A Reveal investigation finds the resettlement agency relies on clandestine shelters to hold unaccompanied minors. Credit: Gabriel Hongsdusit/Reveal

The federal government has acknowledged that 15 to 20 migrant children in its custody are being held outside its network of publicly disclosed shelters, a day after Reveal reported that the government is housing unaccompanied children in secret facilities without the knowledge of their attorneys.

In a statement today, government spokesperson Evelyn Stauffer said the Office of Refugee Resettlement relies on these “out of network” facilities for children who require “highly specialized care.” She denied that the agency uses clandestine facilities to house minors, saying the shelters are state-licensed and monitored monthly by the refugee agency.

“It is long standing practice for ORR to provide specialized care out of our network of shelters,” Stauffer wrote. “ORR is committed to ensuring that all (unaccompanied alien children), including those in out of network placements, have access to proper care and services.”

But Holly Cooper, an attorney who represents unaccompanied minors in the agency’s care, said she had been unaware of the facilities, despite the government’s obligation, under a 1997 court settlement, to provide an accurate accounting of where children were held.

Cooper said the facilities she has learned of so far specialize in mental and behavioral health. There are at least five in Arkansas, Florida, Oklahoma, Pennsylvania and Virginia, holding children as young as 9 years old.

Stauffer wrote that when children are sent to an “out of network” facility, the government also assigns an in-network shelter to manage the child’s case and that “attorneys are also aware of their placement.”

But Cooper says she was never made aware of these facilities, which would have appeared on a population count regularly provided to her by the federal government. “(We were) never provided the list until we asked for it,” she said.

Cooper’s job is to ensure that the government is complying with the Flores Settlement Agreement, a 1997 pact that sets the standards for how unaccompanied minors are treated while detained and calls for their swift release. Her team has focused on minors who’ve been transferred out of regular shelters and into residential treatment facilities that treat youth with mental health and behavioral challenges. While some residential treatment facilities operate within the refugee agency’s previously known network of shelters, Cooper says the five sites were never disclosed to her team.

The federal government is supposed to provide attorneys representing detained children with a regular and detailed census of each minor in the Office of Refugee Resettlement’s custody. The government’s secret use of the facilities appears to violate the long-held agreement.

Federal databases listing spending, grants and contract awards make no mention of these “out of network” providers. Reveal requested information about the agency’s use of the facilities through a Freedom of Information Act request in November, but has so far received no response.

It’s still not clear how long these children have been held in these facilities, or whether the agency is increasingly relying on placements outside its shelter network. And it’s still not clear how many youths are being held at these out-of-network facilities.
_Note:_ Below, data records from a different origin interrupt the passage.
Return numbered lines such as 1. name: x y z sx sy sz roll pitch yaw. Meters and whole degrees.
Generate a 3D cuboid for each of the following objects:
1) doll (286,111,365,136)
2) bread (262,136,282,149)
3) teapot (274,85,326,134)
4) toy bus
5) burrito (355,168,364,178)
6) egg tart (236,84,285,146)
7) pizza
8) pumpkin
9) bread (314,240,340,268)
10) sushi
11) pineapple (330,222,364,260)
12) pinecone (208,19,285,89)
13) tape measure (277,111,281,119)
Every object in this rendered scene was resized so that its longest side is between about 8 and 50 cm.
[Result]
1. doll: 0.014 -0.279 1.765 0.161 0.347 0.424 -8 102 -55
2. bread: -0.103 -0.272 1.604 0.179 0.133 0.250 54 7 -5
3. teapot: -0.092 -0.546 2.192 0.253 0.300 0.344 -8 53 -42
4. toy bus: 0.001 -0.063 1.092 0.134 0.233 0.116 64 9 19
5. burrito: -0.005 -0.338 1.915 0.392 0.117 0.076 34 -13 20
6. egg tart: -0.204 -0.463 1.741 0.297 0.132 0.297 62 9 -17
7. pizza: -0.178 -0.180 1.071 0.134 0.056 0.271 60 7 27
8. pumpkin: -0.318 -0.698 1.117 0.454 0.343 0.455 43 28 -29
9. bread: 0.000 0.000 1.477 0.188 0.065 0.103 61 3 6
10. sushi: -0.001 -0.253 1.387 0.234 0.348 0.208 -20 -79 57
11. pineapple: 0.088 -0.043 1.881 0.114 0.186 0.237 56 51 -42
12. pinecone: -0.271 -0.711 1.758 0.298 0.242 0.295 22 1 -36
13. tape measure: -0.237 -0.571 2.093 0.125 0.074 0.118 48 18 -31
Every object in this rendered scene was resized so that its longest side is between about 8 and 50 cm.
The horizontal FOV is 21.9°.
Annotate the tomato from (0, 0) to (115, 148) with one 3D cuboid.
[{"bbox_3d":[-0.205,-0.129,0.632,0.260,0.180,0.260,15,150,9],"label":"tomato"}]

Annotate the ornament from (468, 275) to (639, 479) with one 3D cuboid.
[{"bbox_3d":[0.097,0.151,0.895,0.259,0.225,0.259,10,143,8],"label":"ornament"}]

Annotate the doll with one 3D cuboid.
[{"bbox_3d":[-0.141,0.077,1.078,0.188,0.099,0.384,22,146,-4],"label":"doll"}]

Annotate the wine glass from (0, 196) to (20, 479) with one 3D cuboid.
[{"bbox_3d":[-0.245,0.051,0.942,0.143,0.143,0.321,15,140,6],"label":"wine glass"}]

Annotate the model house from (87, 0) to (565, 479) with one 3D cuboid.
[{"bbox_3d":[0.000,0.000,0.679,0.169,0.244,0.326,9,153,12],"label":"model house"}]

Stauffer’s tally of approximately 15-20 minors doesn’t satisfy Cooper, who says she’s still learning of more children who may be held in such facilities. “An agency that’s in charge of the custody and care of children should be able to give an accurate number of the children in its custody and care with precision,” she told Reveal.
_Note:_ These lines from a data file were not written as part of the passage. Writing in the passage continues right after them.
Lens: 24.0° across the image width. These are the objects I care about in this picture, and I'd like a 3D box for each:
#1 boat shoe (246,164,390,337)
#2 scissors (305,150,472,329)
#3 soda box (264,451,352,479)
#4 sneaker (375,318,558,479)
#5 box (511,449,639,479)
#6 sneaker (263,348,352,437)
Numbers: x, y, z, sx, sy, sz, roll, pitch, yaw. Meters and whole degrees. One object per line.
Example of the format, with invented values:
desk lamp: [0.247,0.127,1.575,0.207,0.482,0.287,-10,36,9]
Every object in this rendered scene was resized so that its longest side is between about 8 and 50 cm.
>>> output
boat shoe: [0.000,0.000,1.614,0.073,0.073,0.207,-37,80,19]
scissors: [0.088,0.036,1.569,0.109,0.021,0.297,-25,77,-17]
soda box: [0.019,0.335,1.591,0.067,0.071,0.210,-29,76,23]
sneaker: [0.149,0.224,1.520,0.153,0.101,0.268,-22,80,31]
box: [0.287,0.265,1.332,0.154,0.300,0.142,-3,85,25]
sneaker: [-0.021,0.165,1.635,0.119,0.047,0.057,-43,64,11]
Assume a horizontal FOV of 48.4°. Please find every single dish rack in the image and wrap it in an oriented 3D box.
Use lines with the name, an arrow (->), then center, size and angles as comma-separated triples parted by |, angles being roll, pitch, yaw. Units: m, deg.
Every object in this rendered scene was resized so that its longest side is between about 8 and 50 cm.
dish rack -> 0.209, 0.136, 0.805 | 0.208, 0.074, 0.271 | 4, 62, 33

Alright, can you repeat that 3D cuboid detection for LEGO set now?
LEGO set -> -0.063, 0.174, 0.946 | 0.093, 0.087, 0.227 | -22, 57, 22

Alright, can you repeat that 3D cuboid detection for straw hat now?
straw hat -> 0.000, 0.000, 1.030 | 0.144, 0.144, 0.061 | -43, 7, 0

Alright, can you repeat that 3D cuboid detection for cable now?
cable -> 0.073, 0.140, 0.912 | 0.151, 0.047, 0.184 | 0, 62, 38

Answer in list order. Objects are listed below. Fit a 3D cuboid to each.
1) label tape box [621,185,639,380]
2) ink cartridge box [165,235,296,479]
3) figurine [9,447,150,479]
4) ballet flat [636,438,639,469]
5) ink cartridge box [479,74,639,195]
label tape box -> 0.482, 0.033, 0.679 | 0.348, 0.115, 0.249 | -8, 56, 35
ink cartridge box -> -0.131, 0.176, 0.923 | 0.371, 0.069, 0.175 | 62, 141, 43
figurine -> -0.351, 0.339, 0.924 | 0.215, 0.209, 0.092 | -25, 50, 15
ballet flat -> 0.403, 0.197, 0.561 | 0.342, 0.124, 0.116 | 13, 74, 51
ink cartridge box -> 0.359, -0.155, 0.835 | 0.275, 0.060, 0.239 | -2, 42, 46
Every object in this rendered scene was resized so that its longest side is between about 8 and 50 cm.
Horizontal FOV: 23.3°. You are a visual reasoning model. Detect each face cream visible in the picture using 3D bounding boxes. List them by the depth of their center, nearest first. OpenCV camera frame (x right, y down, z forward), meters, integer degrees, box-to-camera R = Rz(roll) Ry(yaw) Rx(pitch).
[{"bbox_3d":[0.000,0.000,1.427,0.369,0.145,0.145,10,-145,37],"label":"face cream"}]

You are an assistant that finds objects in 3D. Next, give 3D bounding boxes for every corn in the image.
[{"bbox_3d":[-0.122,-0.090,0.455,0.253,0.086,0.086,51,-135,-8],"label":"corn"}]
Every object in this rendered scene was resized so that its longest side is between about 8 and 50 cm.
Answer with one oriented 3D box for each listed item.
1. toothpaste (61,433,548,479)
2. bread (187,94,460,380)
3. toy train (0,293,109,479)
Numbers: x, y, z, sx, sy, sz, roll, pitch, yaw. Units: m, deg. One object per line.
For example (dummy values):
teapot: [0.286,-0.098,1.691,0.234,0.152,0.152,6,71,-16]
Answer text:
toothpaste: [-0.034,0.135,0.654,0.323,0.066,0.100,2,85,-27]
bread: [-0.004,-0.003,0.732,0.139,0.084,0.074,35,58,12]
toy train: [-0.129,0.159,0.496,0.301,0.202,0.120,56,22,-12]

The team of attorneys that Cooper works with plans to visit one of the facilities, Millcreek Behavioral Health in Arkansas, the first week in April.

While Stauffer described these placements as a “long standing practice,” former officials in the agency under the Obama administration told Reveal they weren’t aware of such arrangements when they worked for the agency.

Aura Bogado can be reached at abogado@revealnews.org, and Patrick Michels can be reached at pmichels@revealnews.org. Follow them on Twitter: @aurabogado and @PatrickMichels.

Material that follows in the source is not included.